2. Decorah Eagles at Raptor Resource Project, Iowa
The Raptor Resource Project folks built this bald eagle nest near a trout hatchery in 2015, hoping that eagles would take it over. Tune in to watch the birds throughout the year.
3. Helzberg Penguin Plaza at the Kansas City Zoo, Kansas City, Missouri
Watch 17 king penguins, eight macaroni penguins, and 45 gentoo penguins waddling and swimming in their cold-weather habitat at the Kansas City Zoo. The penguins lay eggs frequently, and the zoo has had several successful hatchings of adorable chicks.

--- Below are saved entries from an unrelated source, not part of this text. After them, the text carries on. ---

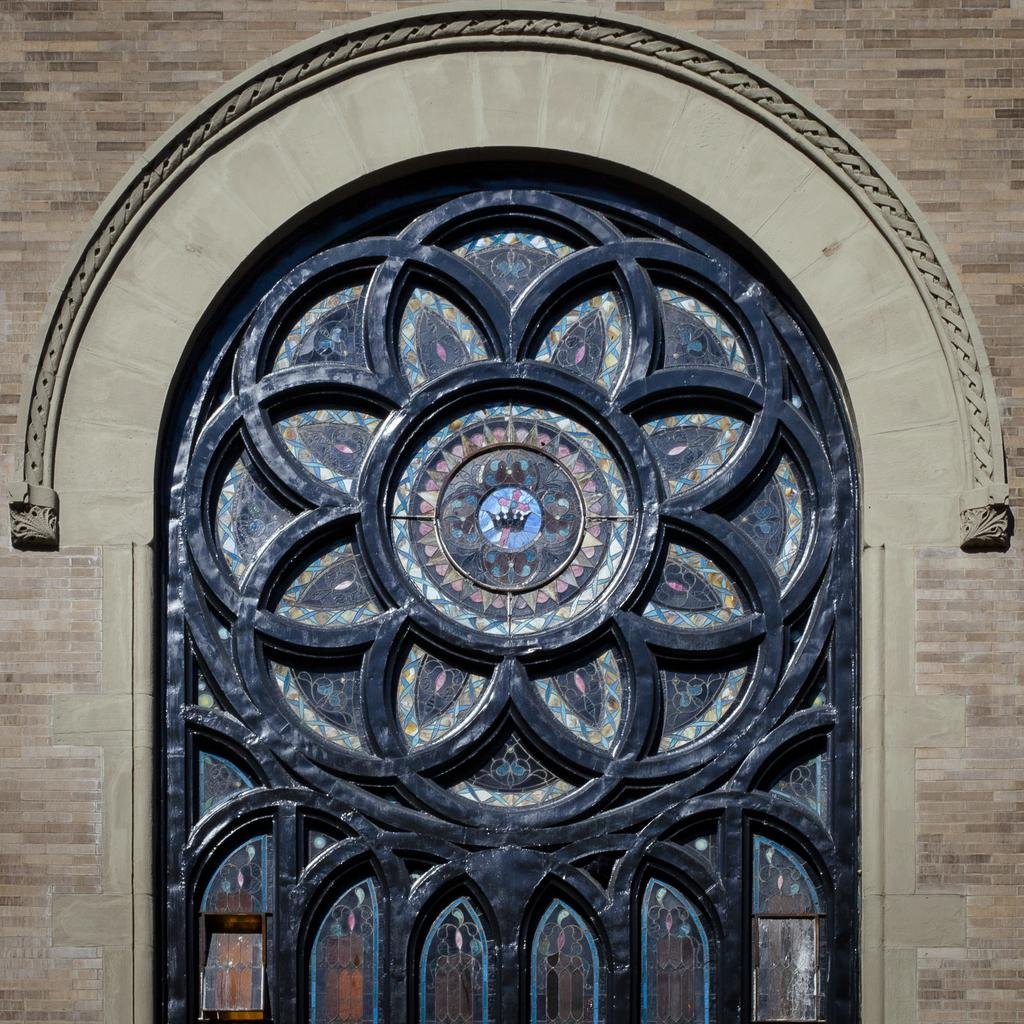What is present on the wall in the image? There is a wall in the image, and it has multiple glasses in the center and designs on it. Can you describe the designs on the wall? Unfortunately, the specific designs on the wall cannot be described with the information provided. Where are the glasses located on the wall? The glasses are located in the center of the wall. What type of lunchroom is visible in the image? There is no lunchroom present in the image; it only features a wall with multiple glasses and designs. Can you hear the ear in the image? There is no ear present in the image, so it cannot be heard or seen. 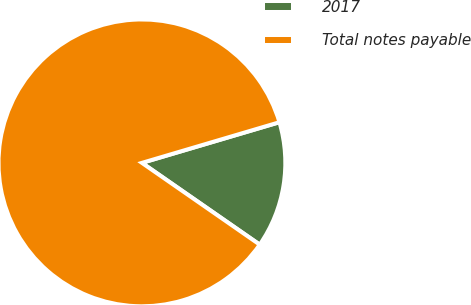<chart> <loc_0><loc_0><loc_500><loc_500><pie_chart><fcel>2017<fcel>Total notes payable<nl><fcel>14.23%<fcel>85.77%<nl></chart> 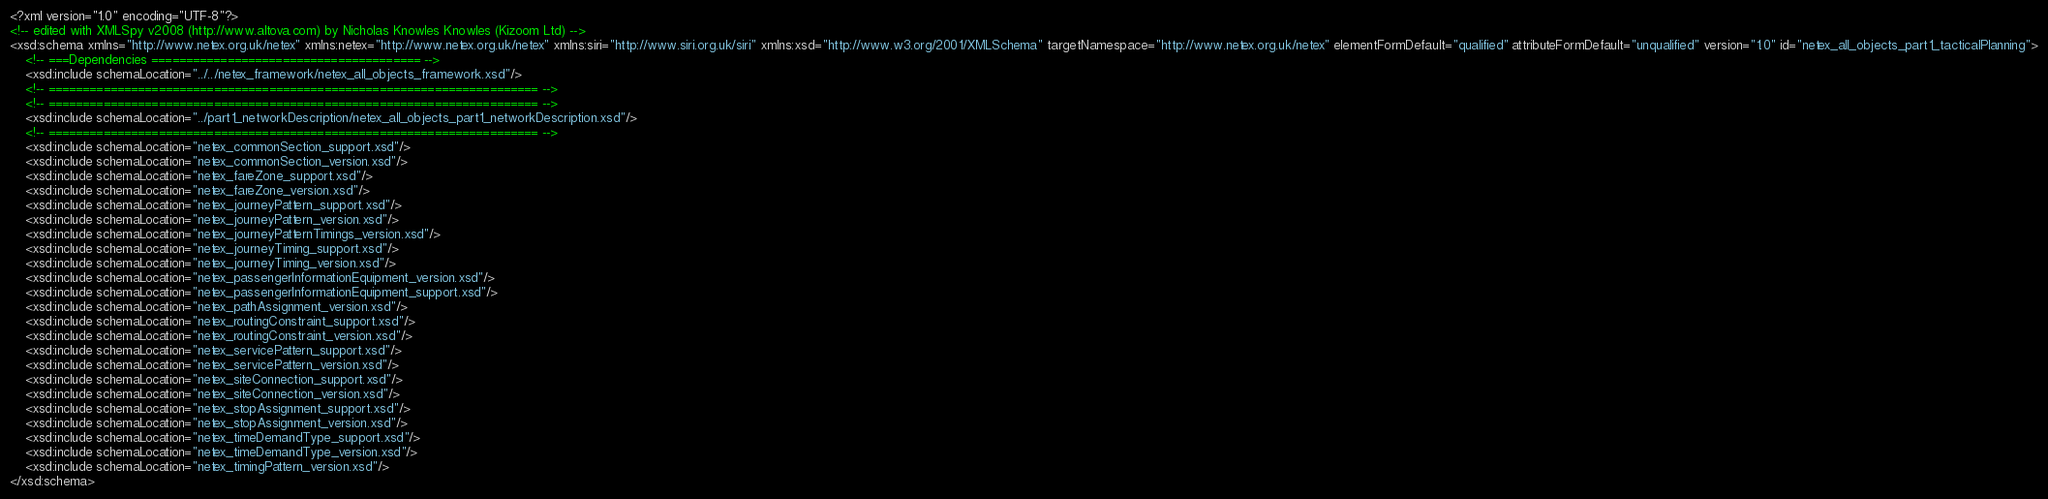Convert code to text. <code><loc_0><loc_0><loc_500><loc_500><_XML_><?xml version="1.0" encoding="UTF-8"?>
<!-- edited with XMLSpy v2008 (http://www.altova.com) by Nicholas Knowles Knowles (Kizoom Ltd) -->
<xsd:schema xmlns="http://www.netex.org.uk/netex" xmlns:netex="http://www.netex.org.uk/netex" xmlns:siri="http://www.siri.org.uk/siri" xmlns:xsd="http://www.w3.org/2001/XMLSchema" targetNamespace="http://www.netex.org.uk/netex" elementFormDefault="qualified" attributeFormDefault="unqualified" version="1.0" id="netex_all_objects_part1_tacticalPlanning">
	<!-- ===Dependencies ======================================= -->
	<xsd:include schemaLocation="../../netex_framework/netex_all_objects_framework.xsd"/>
	<!-- ======================================================================= -->
	<!-- ======================================================================= -->
	<xsd:include schemaLocation="../part1_networkDescription/netex_all_objects_part1_networkDescription.xsd"/>
	<!-- ======================================================================= -->
	<xsd:include schemaLocation="netex_commonSection_support.xsd"/>
	<xsd:include schemaLocation="netex_commonSection_version.xsd"/>
	<xsd:include schemaLocation="netex_fareZone_support.xsd"/>
	<xsd:include schemaLocation="netex_fareZone_version.xsd"/>
	<xsd:include schemaLocation="netex_journeyPattern_support.xsd"/>
	<xsd:include schemaLocation="netex_journeyPattern_version.xsd"/>
	<xsd:include schemaLocation="netex_journeyPatternTimings_version.xsd"/>
	<xsd:include schemaLocation="netex_journeyTiming_support.xsd"/>
	<xsd:include schemaLocation="netex_journeyTiming_version.xsd"/>
	<xsd:include schemaLocation="netex_passengerInformationEquipment_version.xsd"/>
	<xsd:include schemaLocation="netex_passengerInformationEquipment_support.xsd"/>
	<xsd:include schemaLocation="netex_pathAssignment_version.xsd"/>
	<xsd:include schemaLocation="netex_routingConstraint_support.xsd"/>
	<xsd:include schemaLocation="netex_routingConstraint_version.xsd"/>
	<xsd:include schemaLocation="netex_servicePattern_support.xsd"/>
	<xsd:include schemaLocation="netex_servicePattern_version.xsd"/>
	<xsd:include schemaLocation="netex_siteConnection_support.xsd"/>
	<xsd:include schemaLocation="netex_siteConnection_version.xsd"/>
	<xsd:include schemaLocation="netex_stopAssignment_support.xsd"/>
	<xsd:include schemaLocation="netex_stopAssignment_version.xsd"/>
	<xsd:include schemaLocation="netex_timeDemandType_support.xsd"/>
	<xsd:include schemaLocation="netex_timeDemandType_version.xsd"/>
	<xsd:include schemaLocation="netex_timingPattern_version.xsd"/>
</xsd:schema>
</code>

4. California Condor Sanctuary in Big Sur
This cam features views of pristine landscapes in the redwood forests and the rugged mountains of Big Sur—as well as the return of the condor species from the brink of extinction. At its historic low in 1982, only 22 California condors were alive. The number is now up to 312 wild and 173 captive birds and this animal cam tracks the nest of the Ventana Wildlife Society's captive-bred condors that have been released into their natural habitat.
5. Tau Waterhole at Madikwe Game Reserve, South Africa
Want to see elephants, giraffes, lions, zebras and cheetahs out in the wild? This oasis attracts more than 27 species of big game and countless birds. There's always something spectacular to see.